Tarihte Noel Baba ünvanlı birinin olmadığı ve Demre’de yaşayanın, hediye dağıtmayı seven Aziz Nikolas olduğunu ve adından ötürü Rus kökenli olabileceğini ve kilise yerine müze olması gerektiğini savunanlarla Koçlar’ın sürtüşmeleri olduğunu öğrenmiştim. İstanbul’daki Fener Patrikhanesi’nin ayin yapacağı ve Demre’deki kilisenin kutsanıp kendilerine mal edileceği haberleri yayınlanmıştı. Şimdi müze olarak ziyaret ediliyor.

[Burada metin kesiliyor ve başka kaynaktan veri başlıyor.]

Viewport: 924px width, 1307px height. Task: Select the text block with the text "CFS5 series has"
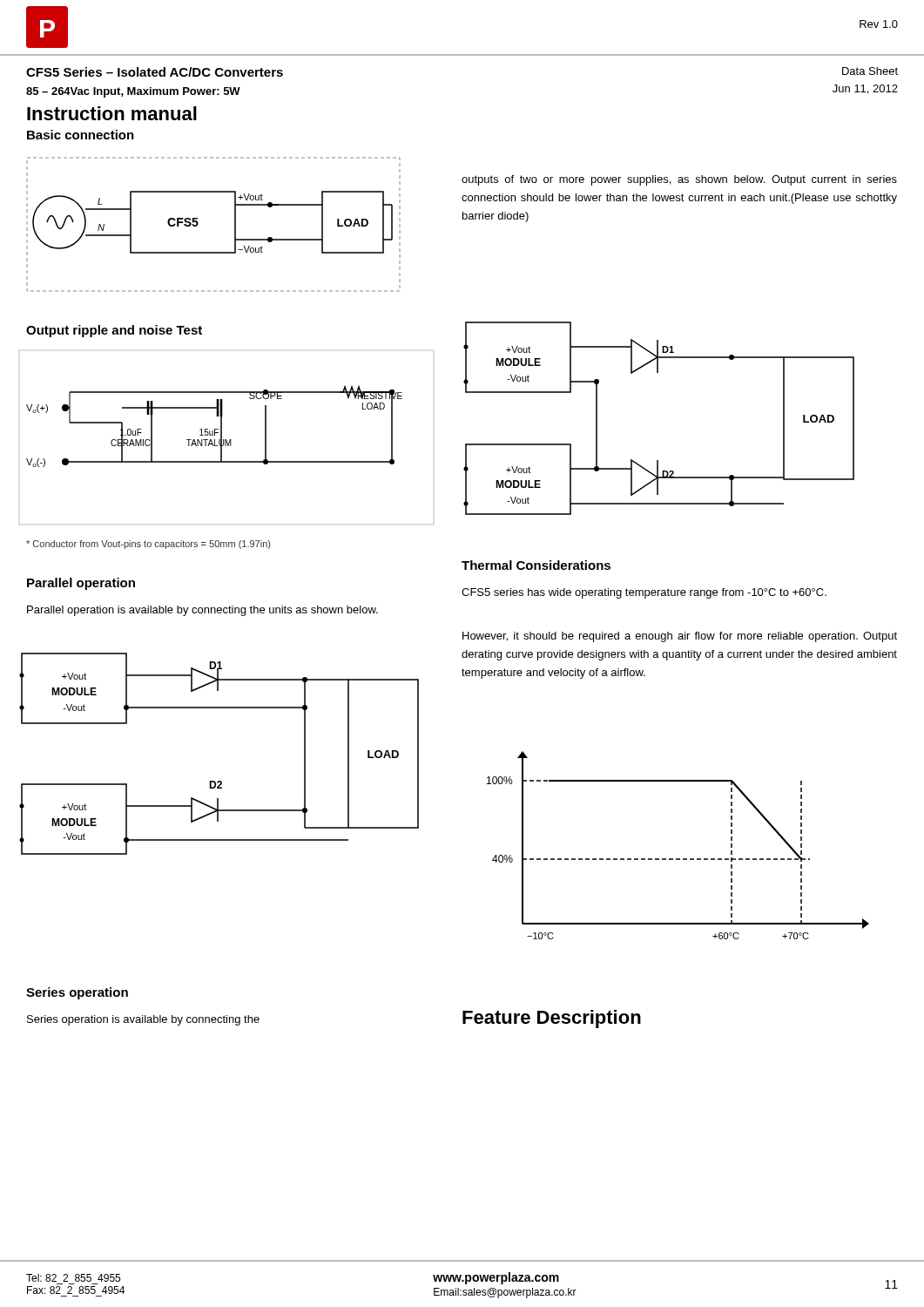point(644,592)
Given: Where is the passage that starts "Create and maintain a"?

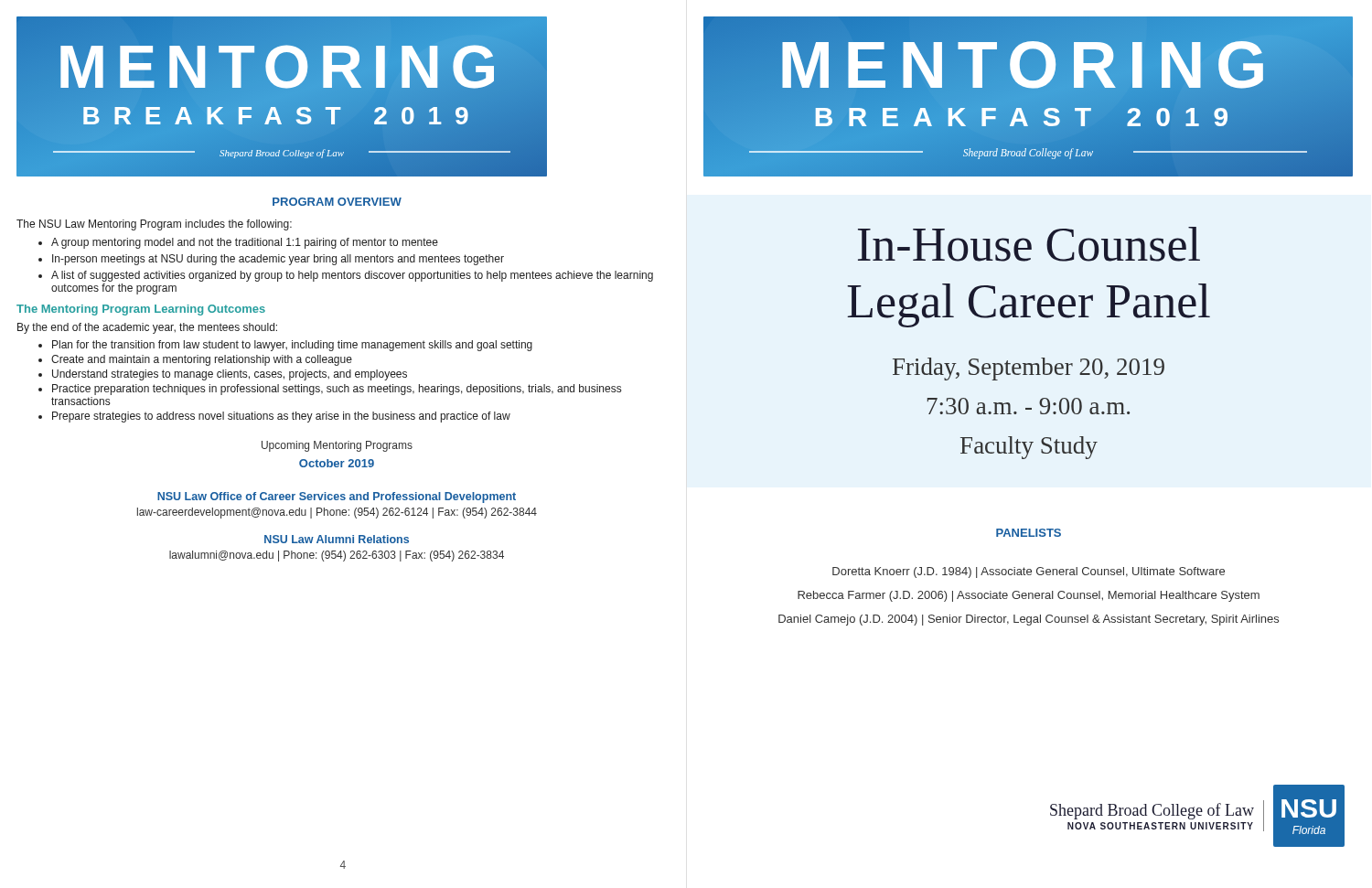Looking at the screenshot, I should pyautogui.click(x=345, y=359).
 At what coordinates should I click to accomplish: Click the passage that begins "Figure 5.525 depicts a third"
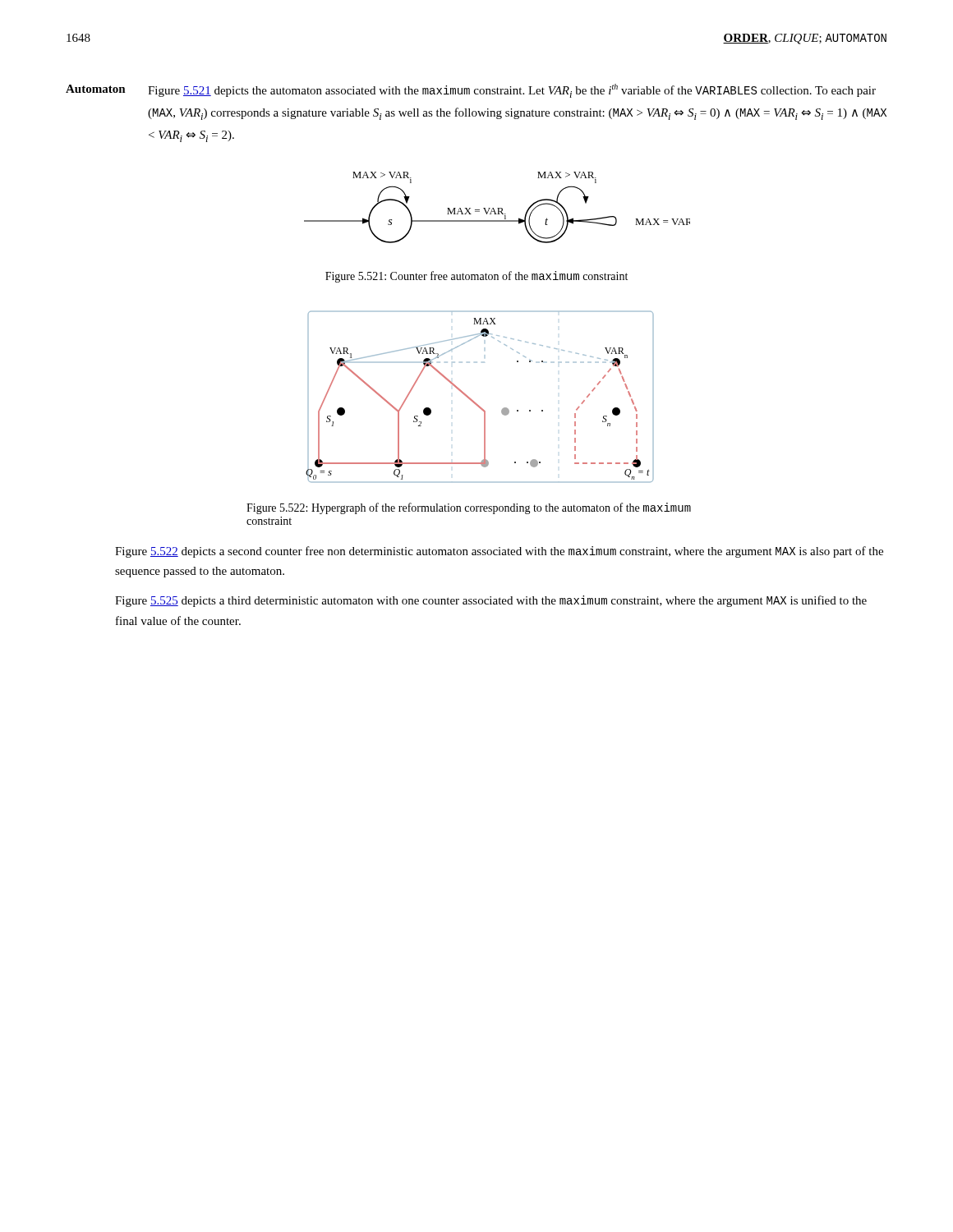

Antalyamızın antik kentleri ve tarihi yapıları çok. Turizm açısından şanslıyız. Kaş Patara’dan Alanya’ya kadar tarih var. İç kısımlardaki göç yollarında çok eski mezar taşları var. Araştırmacılarımız arttıkça yeni kalıntılar ve kimlere ait oldukları gün yüzüne çıkıyor. Artık Orkun kitabelerini İngiliz tarihçiler okumuyor, Türk tarihçiler Göktürk alfabesini okumaya başladı. 


Anadolu’nun birçok yerinde binlerce yıl öncesine ait Göktürk Alfabesi ile yazıtlar bulup okuyanlar var. Biraz derin araştırmalar yapılırsa, Anadolu’da bilinebilen ilk medeniyetlerin Eti Türkleri olduğu, şimdilerde Yakutlar olarak bilinen halkın Sakha (Saka) Türkleri olarak Anadolu’da ilk devlet kuranlardan olduğu ortaya çıktı. Yani Roma ve Bizans öncesi, atalarımızın bu topraklarda bulunduğu gerçeği konuşulmaya başladı. Atatürk’ün “Ey gafil hangi bin yıl, hangi on bin yıl” sözü şimdi daha iyi anlaşılıyor.


İşte şimdi Büyükşehir Belediyesi  Genel Sekreteri Cansel Çevikol Tuncer’e ve Kent Tarihi Ve Tanıtımından Sorumlu Daire Başkanı İsmail Oskay’a çok iş düşecek.